Early detection of heart attacks and atrial fibrillations
[Expected start: May 2018]
This project aims to apply the tools developed in the theoretical part to predict CTs from normal heart rhythm to atrial fibrillation (AF). AF affects about 2% to 3% of the population, and this percentage increases with age (Kirchhof 2009). The switch to AF typically happens without warning. In some cases it may switch back to normal rhythm on its own, or it may require treatment by drugs or by electrical shocks, also known as cardioversion (Fuster 2006). Ideally, there would be a simple monitoring device, such as a watch or a basic ECG that would record signals and provide advance warning of a CT to AF. A patient would then be able to take specific medication to prevent this transition.

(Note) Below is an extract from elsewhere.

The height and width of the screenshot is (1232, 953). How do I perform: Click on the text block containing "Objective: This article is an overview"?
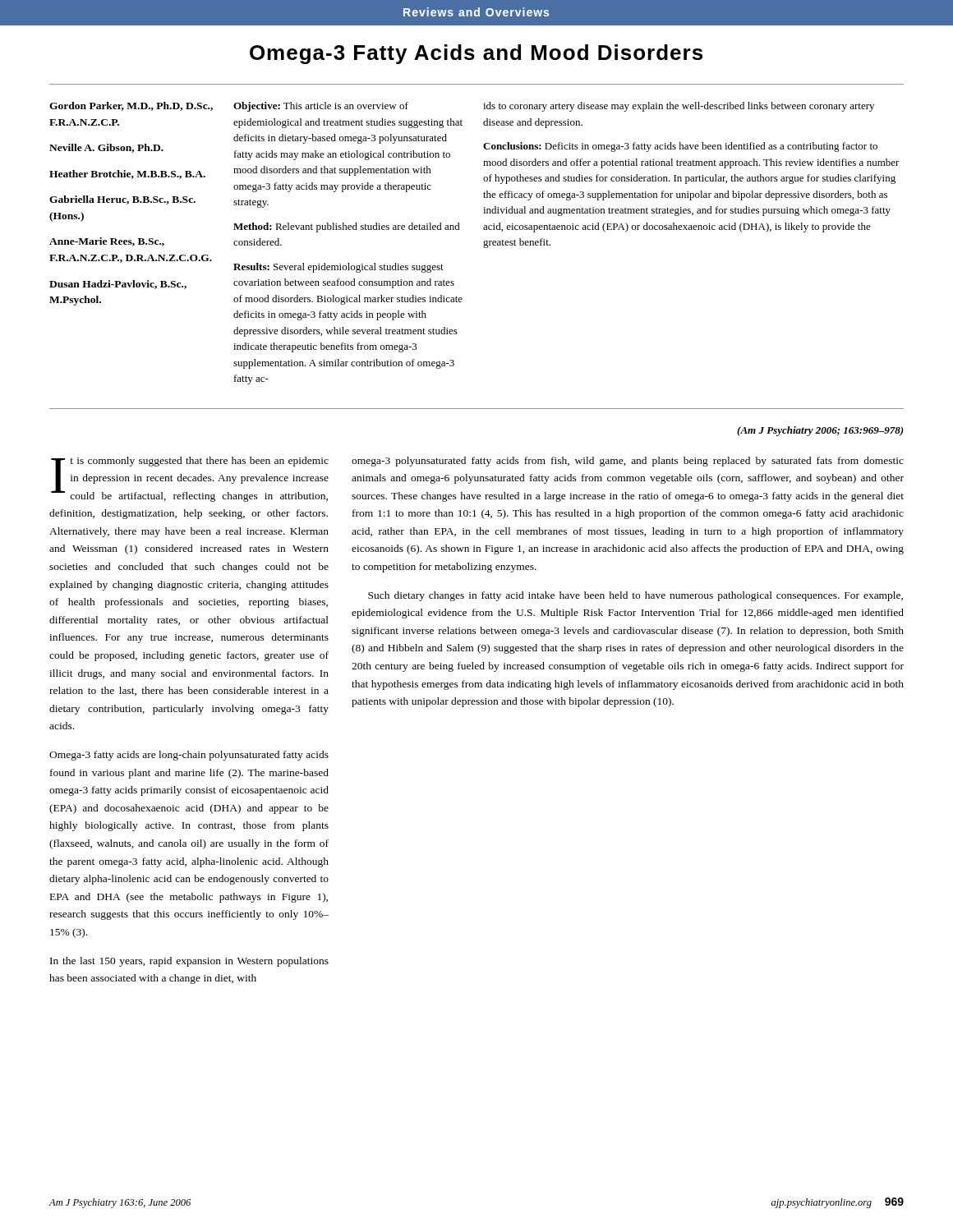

This project will consider two forms of CTs at different time scales: 1) a slow time-varying evolution of the disease, which can take years (development of an arrhythmic remodelling) and 2) a relatively fast time-scale where hearts transition between normal rhythm and AF.
Regarding point 1), AF affects mostly older populations and tends to degrade with age (Stewart 2001). In this case, healthy patients can start developing the disease by changes in the electric activity and structure in the heart years before seeing any symptoms (Schotten 2011). Detecting the disease early could provide a chance for patients to change their life style and habits (Kirchhof 2013). Healthy patients are unlikely to get AF. Hence, the system can be seen with a single (normal) rhythm. With age, AF can appear from changes in the system dynamics, which eventually will lead to the establishment of two possible trajectories (healthy and AF). The CT here is the change in dynamical parameters that will lead to establishment of the disease. Eventually, the disease progresses from paroxysmal to persistent AF. The project will try to capture which information can pinpoint the changes in dynamics.

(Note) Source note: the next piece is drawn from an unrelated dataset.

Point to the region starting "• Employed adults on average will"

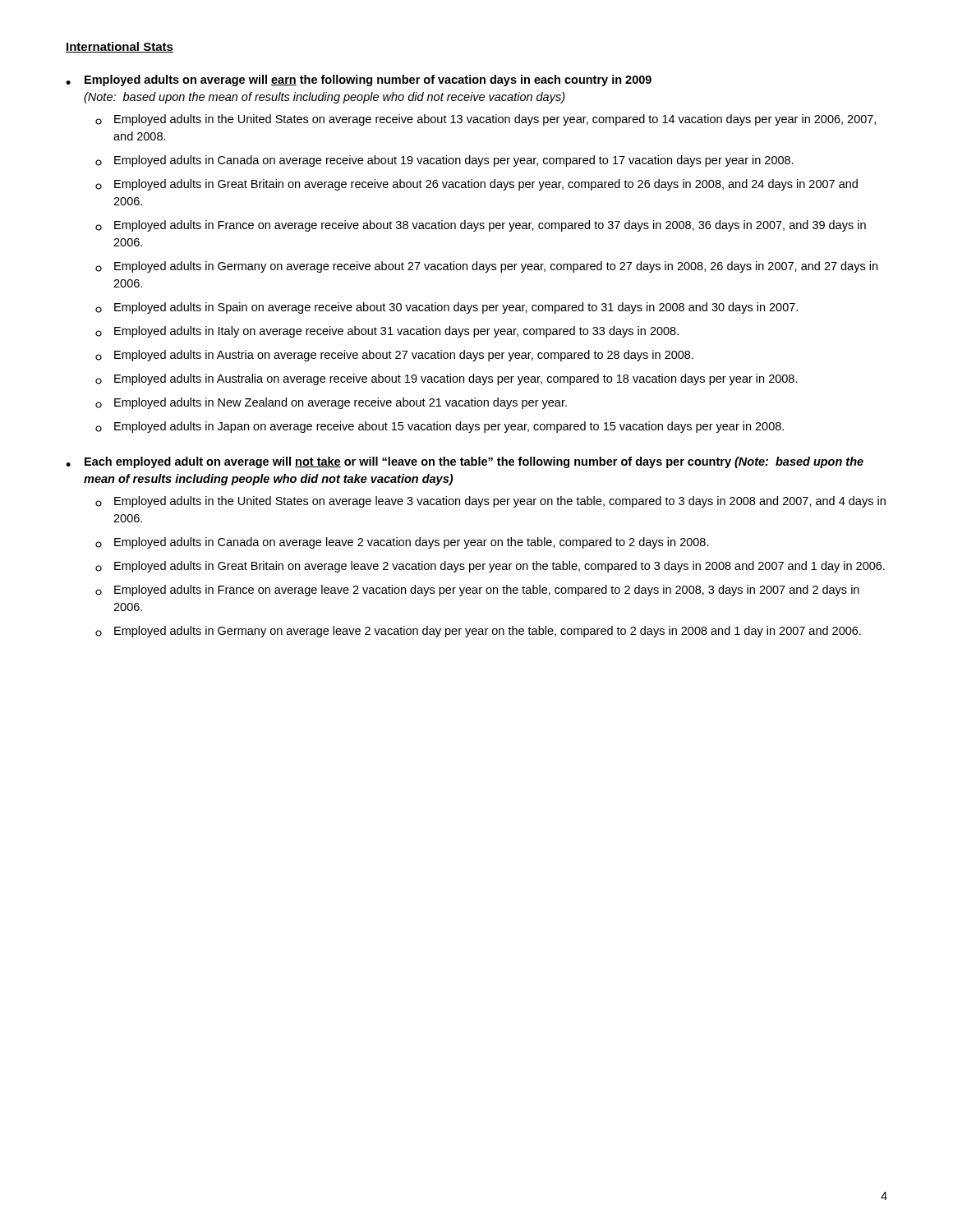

Regarding point 2), a totally different type of CT occurs when the disease is already established and the heart can switch between two stable trajectories: normal rhythm and AF. This occurs in a much faster time-scale and the CT that we try to predict is the switch between normal rhythm and AF. With enough warning time, patients could take medicines that could prevent the switch to AF. These ideas will also be explored with respect to heart attacks.
The datasets at the basis of this study are provided by Dr. Dominik Linz, clinician-scientist and lecturer at The University of Adelaide (Australia), furthermore interested in investigating the potential relation between sleep disordered breathing and heart arrhythmia.
We aim to build models from time-series data, such as ECG. For part 1) above, we will use data from regular patient visits to build dynamic models. We would then compare, not the data, but the models to see how they are changing over time, and how those changes are related from the changes of healthy to paroxysmal AF and then eventually to persistent AF. For point 2) above, of particular use are data that capture the transitions from normal rhythm to AF and back to normal. Finally, we aim to determine the best signals to capture CTs and to develop new personalised and proactive therapies to avoid developing or switching to AF. For both parts 1) and 2), we will calculate differences in dynamic models instead of just differences in expression of the data.